*** SUPPLIED RECORDS ***
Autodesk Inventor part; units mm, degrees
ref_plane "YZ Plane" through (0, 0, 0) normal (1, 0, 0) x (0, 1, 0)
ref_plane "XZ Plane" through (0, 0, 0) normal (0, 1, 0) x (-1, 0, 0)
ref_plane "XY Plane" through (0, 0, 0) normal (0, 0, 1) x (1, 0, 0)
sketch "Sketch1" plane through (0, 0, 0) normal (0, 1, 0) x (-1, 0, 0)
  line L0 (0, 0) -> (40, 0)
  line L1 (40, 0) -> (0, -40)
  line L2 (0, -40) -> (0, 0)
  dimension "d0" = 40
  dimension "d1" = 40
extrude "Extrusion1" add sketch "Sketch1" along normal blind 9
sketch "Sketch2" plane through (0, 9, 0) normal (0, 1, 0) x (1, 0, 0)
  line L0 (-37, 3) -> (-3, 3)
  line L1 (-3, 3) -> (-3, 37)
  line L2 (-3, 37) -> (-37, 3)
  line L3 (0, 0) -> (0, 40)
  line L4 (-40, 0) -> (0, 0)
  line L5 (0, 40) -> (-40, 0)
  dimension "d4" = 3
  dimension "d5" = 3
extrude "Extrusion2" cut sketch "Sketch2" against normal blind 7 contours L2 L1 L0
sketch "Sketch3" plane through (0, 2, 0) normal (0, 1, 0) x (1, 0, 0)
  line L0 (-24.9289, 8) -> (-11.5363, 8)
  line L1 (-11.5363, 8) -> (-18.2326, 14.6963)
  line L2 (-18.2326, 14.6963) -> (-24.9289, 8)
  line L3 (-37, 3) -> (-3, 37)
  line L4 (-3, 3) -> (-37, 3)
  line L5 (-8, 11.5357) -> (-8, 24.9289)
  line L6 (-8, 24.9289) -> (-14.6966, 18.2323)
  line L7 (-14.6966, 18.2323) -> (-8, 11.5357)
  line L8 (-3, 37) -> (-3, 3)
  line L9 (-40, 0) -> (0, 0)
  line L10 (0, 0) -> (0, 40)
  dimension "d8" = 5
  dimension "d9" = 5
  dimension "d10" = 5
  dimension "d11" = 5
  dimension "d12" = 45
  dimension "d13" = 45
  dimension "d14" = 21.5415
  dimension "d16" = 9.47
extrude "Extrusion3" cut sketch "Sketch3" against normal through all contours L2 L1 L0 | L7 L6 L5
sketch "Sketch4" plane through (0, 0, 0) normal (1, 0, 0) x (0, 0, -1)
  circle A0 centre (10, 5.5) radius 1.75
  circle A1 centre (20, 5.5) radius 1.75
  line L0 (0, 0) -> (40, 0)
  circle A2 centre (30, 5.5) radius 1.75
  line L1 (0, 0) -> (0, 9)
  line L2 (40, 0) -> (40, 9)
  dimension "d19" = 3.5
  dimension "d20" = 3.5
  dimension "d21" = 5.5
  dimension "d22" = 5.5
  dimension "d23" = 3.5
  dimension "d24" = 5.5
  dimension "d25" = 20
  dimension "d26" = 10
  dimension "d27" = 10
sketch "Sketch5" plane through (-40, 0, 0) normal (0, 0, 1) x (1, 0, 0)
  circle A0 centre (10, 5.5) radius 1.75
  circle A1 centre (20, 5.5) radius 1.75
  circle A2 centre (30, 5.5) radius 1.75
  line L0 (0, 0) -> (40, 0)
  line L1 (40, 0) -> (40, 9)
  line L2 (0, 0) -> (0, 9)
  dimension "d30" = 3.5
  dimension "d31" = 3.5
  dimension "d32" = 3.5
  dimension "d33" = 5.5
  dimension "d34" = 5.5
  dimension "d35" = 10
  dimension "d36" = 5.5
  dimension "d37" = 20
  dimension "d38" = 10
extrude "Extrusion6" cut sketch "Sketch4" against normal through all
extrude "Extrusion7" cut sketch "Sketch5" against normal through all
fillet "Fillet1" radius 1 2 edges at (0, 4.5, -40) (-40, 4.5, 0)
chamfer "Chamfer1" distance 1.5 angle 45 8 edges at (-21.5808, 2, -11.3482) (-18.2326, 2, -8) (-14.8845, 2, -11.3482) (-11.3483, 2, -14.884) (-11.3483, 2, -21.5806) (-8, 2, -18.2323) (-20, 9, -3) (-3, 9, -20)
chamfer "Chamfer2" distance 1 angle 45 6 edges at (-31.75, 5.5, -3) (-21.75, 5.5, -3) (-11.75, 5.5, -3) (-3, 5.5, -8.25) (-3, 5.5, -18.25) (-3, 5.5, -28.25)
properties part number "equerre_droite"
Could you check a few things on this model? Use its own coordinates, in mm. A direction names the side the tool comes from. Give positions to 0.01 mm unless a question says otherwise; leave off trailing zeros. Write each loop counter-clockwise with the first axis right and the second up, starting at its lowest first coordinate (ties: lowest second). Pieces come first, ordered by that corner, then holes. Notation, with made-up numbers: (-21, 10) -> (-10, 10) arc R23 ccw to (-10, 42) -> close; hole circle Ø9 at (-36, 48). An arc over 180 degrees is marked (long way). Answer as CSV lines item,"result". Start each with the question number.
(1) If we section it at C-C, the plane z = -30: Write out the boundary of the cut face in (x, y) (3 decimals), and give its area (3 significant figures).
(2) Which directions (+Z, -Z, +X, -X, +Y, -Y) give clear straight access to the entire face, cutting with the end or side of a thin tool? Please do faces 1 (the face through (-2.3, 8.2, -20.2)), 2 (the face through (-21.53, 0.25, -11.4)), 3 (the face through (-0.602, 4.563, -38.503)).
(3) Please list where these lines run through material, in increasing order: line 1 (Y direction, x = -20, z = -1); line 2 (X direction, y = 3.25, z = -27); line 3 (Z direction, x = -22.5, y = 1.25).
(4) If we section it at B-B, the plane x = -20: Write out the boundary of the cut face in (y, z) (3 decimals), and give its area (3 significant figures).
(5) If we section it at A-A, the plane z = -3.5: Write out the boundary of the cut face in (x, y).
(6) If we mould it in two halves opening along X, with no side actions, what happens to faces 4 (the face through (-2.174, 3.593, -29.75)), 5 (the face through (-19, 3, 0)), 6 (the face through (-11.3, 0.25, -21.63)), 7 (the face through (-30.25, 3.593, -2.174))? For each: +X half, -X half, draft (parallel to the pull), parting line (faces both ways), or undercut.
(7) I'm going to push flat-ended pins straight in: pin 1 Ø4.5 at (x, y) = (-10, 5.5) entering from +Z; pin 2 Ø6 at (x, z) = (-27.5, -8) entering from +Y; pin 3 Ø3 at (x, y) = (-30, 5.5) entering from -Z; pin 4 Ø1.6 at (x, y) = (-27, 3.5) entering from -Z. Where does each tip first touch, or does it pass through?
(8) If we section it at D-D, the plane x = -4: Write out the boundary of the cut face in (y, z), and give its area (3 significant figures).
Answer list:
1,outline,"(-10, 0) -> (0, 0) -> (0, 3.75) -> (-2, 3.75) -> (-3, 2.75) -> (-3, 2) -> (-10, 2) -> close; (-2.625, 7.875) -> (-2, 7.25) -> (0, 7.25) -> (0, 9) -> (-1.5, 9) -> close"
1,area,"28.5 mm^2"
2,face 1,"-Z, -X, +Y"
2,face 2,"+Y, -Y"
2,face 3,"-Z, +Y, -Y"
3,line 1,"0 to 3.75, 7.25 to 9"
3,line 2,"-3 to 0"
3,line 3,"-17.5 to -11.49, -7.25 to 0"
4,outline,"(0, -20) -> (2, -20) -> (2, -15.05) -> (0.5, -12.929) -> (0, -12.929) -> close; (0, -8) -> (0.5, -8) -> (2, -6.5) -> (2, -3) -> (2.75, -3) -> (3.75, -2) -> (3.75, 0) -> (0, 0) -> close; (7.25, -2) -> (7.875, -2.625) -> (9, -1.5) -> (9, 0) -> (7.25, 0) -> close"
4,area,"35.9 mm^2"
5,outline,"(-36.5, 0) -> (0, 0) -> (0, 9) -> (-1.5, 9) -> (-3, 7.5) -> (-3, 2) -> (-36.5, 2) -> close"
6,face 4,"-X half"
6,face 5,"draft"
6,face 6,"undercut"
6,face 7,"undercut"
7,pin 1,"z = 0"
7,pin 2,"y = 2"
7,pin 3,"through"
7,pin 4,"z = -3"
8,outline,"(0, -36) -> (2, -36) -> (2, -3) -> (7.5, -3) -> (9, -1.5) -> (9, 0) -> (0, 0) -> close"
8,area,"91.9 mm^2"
*** End of SUPPLIED RECORDS ***
* TASK DESCRIPTION:
All that is wanted is an exact copy of the lines above from the one with "2, 0) normal" through the one with "line L10 (0, 0) -> (0, 40)", with both ends included.

* ANSWER TO THE PROBLEM:
sketch "Sketch3" plane through (0, 2, 0) normal (0, 1, 0) x (1, 0, 0)
  line L0 (-24.9289, 8) -> (-11.5363, 8)
  line L1 (-11.5363, 8) -> (-18.2326, 14.6963)
  line L2 (-18.2326, 14.6963) -> (-24.9289, 8)
  line L3 (-37, 3) -> (-3, 37)
  line L4 (-3, 3) -> (-37, 3)
  line L5 (-8, 11.5357) -> (-8, 24.9289)
  line L6 (-8, 24.9289) -> (-14.6966, 18.2323)
  line L7 (-14.6966, 18.2323) -> (-8, 11.5357)
  line L8 (-3, 37) -> (-3, 3)
  line L9 (-40, 0) -> (0, 0)
  line L10 (0, 0) -> (0, 40)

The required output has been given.